È un traguardo ambizioso, forse persino velleitario quello che si (ci) assegna Franco Prattico. Ma non è un gesto di presunzione intellettuale questo suo modo di interpretare il giornalismo scientifico. Al contrario, è l’intuizione che occorra rispondere, attrezzandosi al più alto livello culturale possibile, alla nuove domande di integrazione e di analisi che vengono dalla società per dare corpo al concetto di cittadinanza scientifica e, in definitiva, al concetto stesso di democrazia, nell’”era dell’informazione e della conoscenza”
Dare un contributo decisivo alla costruzione di una società democratica della conoscenza, fondandola sulla partecipazione, allenando lo spirito critico: ecco l’obiettivo che si (ci) assegna Franco Prattico.

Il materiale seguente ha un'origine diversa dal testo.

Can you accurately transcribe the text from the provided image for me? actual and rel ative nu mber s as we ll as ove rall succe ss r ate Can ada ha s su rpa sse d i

Fin qui l’intellettuale scientifico (e il militante politico). Ma, dicevamo, Franco Prattico è anche soprattutto «il Maestro». E, infatti, non solo ha interpretato al meglio quella funzione alta del giornalismo che ha teorizzato, ma ha voluto trasmetterla. È lui che, col fisico Paolo Budinich, ha avuto l’idea di fondare a Trieste all’inizio degli anni ’90 una scuola di giornalismo scientifico che si è poi concretizzata grazie alla collaborazione paritaria tra scienziati (come Daniele Amati e Stefano Fantoni) e giornalisti scientifici (come Daniela Minerva, Fabio Pagan, Romeo Bassoli, Gianfranco Bangone, chi scrive). Una scuola che ancora oggi, a venticinque anni di distanza, è tra le migliori d’Italia e non solo d’Italia.

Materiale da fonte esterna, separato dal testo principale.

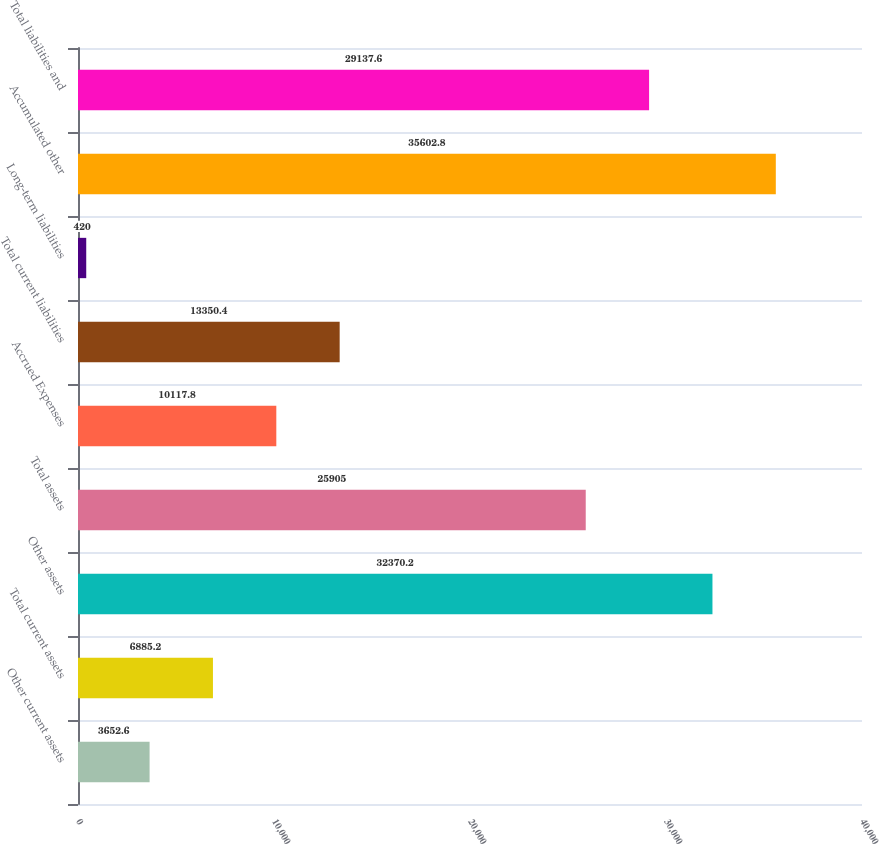Convert chart. <chart><loc_0><loc_0><loc_500><loc_500><bar_chart><fcel>Other current assets<fcel>Total current assets<fcel>Other assets<fcel>Total assets<fcel>Accrued Expenses<fcel>Total current liabilities<fcel>Long-term liabilities<fcel>Accumulated other<fcel>Total liabilities and<nl><fcel>3652.6<fcel>6885.2<fcel>32370.2<fcel>25905<fcel>10117.8<fcel>13350.4<fcel>420<fcel>35602.8<fcel>29137.6<nl></chart>

Certo, malgrado l’esempio e l’insegnamento di Franco Prattico, il giornalista intellettuale a tutto tondo, lievito e animatore di una matura e piena cittadinanza  scientifica, è ancora lontana dal realizzarsi. L’intellettuale nuovo ancora non è nato. La società della conoscenza fa estrema fatica a diventare democratica. Ma noi non possiamo che ostinarci ad andare avanti. A risalire sulle spalle di giganti per cercare di guardare più lontano. A ricomporre l’unità del sapere e la promessa infranta della nuova era. A dare il nostro contributo affinché la conoscenza diventi fattore di inclusione e non di esclusione sociale.